Sedangkan dalam Hadits ada keterangan bahwa bumi itu ada tujuh lapis. Diceritakan dari Said bin Zaid: “Saya mendengar Rosulullah SAW bersabda:” Barang siapa yang mengurangi satu jengkal saja tanah seseorang dengan dholim, maka orang tersebut akan dikalungi tanah yang dikurangi tersebut sampai tujuh bumi . “( HR: Muslim).[4]
Dalam Hadits lain juga disebutkan, diriwayatkan oleh Imam Tirmidzi ra. dari Abu Hurairah ra.Berkata: ” Suatu hari Nabi Muhammad SAW bersama para sahabat, tiba-tiba ada mendung yang menaungi para sahabat, kemudian Nabi Muhammad bersabda: apakah kalian tidak tahu, apa yang ada diatas kita ini? Para sahabat berkata: Allah dan RosulNya yang lebih tahu. Rosulullah berkata: ini namanya ‘Anan (mendung), yang digiring oleh Allah kepada orang-orang yang tidak mau bersyukur dan menyembah Allah Swt. Aapa kalian tidak tahu apa yang ada diatas kalian semua? Para sahabat menjawab: Allah dan RosulNya lebih tahu. Kemudian Nabi bersabda: itu adalah langit dunia, seperti atap, yang dijaga oleh Allah agar tidak bisa jatuh, berapa jarak kita dengan langit dunia itu?Para sahabat menjawab: Allah dan Rosul-Nya lebih tahu. Lantas Rosulullah bersabda: antara kalian dan langit ini terpaut jarak lima ratus perjalanan kaki. Apa kalian tahu apa yang ada diatas langit dunia itu? Para sahabat menjawab: Allah dan Rosul-Nya yang lebih tahu. Rasulullah bersabda: langit kedua, yang antara langit kedua itu terpaut jarak perjalanan kaki lima ratus tahun, kemudian Nabi bertanya begitu seterusnya sampai berjumlah tujuh langit. Antara langit satu dan dan satunya terpaut jarak seperti jarak bumi dan langit pertama. Rasulullah kembali bersabda: apakah kalian tahu, apa yang ada diatas langit ke tujuh itu? Para sahabat menjawab: Allah dan RosulNya lebih tahu.Rosulullah bersabda: ketahuilah! Di atas langit ke tujuh itu adda ‘Arsy. Jarak antara langit ke tujuh dan ‘Arsy terpaut seperti jarak antara dua langit. Kemudian Rosululah bertanya lagi: apa kalian taahu apa yang ada di bawah kalian? Para sahabat menjawab: Allah dan RosulNya lebih tahu.Lantas Rosul bersabda: di bawah bumi massih ada bumi lain, anatar bumi satu dan satunya terpaut jarak lima ratus tahun perjalanan kaki. Demikian Rosulullah bersabda dan menjelaskan kepada para sahabat sampai terhitung tujuh bumi . Yang mana jarak antara bumi satu dengan satunya terpaut perjalanan kaki lima ratus tahun . ”[5] (HR. Tirmidzi)
Dengan demikian dapat disimpulkan bahwa selain langit yang banyak diterangkan memiliki tujuh lapis, begitu pula bumi yang juga ada tujuh lapis sebagaimana dijelaskan dalam dua hadits yang diriwayatkan oleh Imam Tirmidzi dan Imam Muslim.
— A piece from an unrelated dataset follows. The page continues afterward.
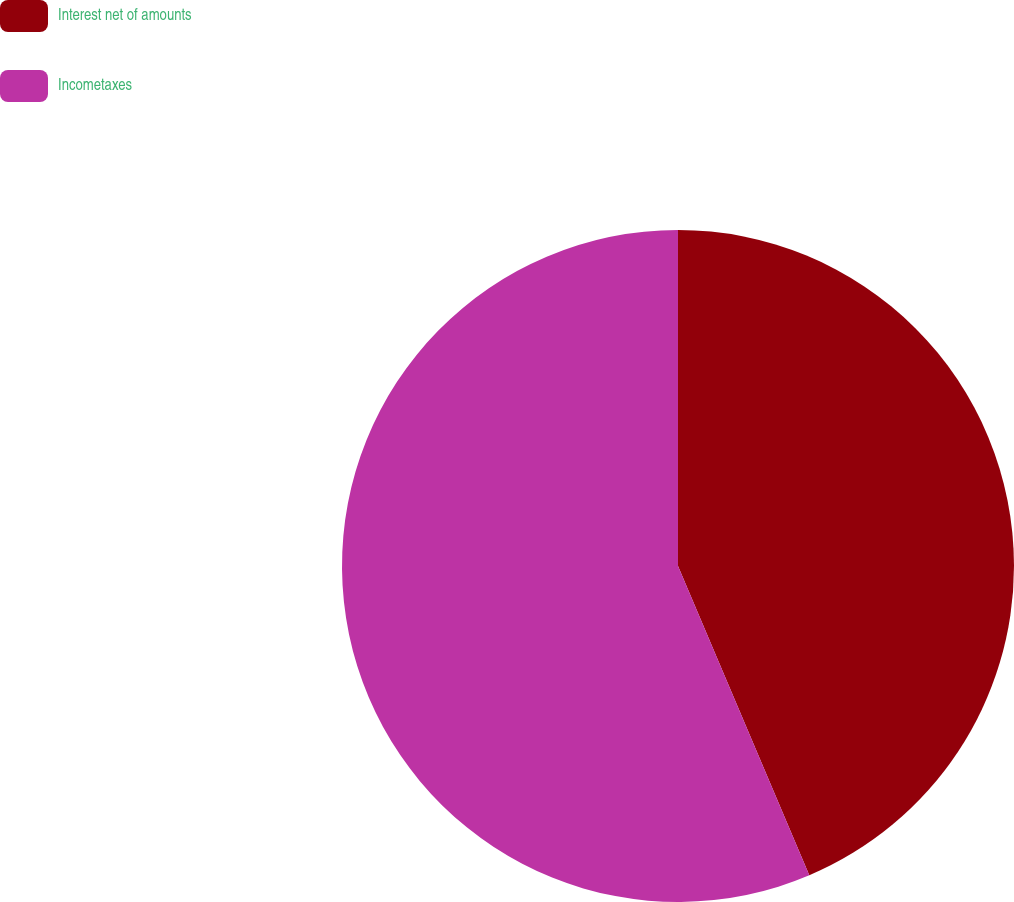Convert chart to OTSL. <chart><loc_0><loc_0><loc_500><loc_500><pie_chart><fcel>Interest net of amounts<fcel>Incometaxes<nl><fcel>43.61%<fcel>56.39%<nl></chart>

Disini kami dapat sedikit memahami betapa besar kekuasaan Allah yang digambarkan dalam ayat 29 surat al-Baqarah ini, jelas dalam ayat ini bahwa Allah Maha Kuasa dengan segala apa yang diciptakannya. Betapa tidak Maha Kuasa …? langit, bumi dan seisinya yang merupakan ciptaannya terlihat begitu besar dimata kita. Maka sudah pasti bahwa yang menciptakan adalah suatu Dzat yang Maha Kuasa.
Berdasarkan penafsiran yang ada pada ayat 29 surat Al-Baqarah ini, yang menjelaskan tentang kekuasaan Allah SWT. Ayat ini memiliki hubungan dengan ayat sebelumnya yaitu ayat 28 dari surat Al-Baqarah yang juga menjelaskan tentang kekuasaan Allah SWT, asbabun nuzul ayat 29 ini juga berdasarkan apa yang terjadi dalam ayat sebelumnya yaitu ayat 28 yang berbunyi:
كيف تكفرون بالله وكنتم أمواتا فأحياكم ثم يميتكم ثم يحييكم ثم إليه ترجعون
Kedua ayat ini menjelaskan tentang kekuasaan Allah yang Maha Kuasa, yang mana mampu menghidupkan orang-orang sesudah mati dan Allahlah yang menciptakan Langit dan Bumi beserta isinya. Dari dua ayat ini dapat juga dikorelasikan dengan beberapa Asmaul Husna bagi Allah yang berbunyi, a. al- Mumitu , b. al- Muhyi , c. al- Kholiq , d. al’Alim.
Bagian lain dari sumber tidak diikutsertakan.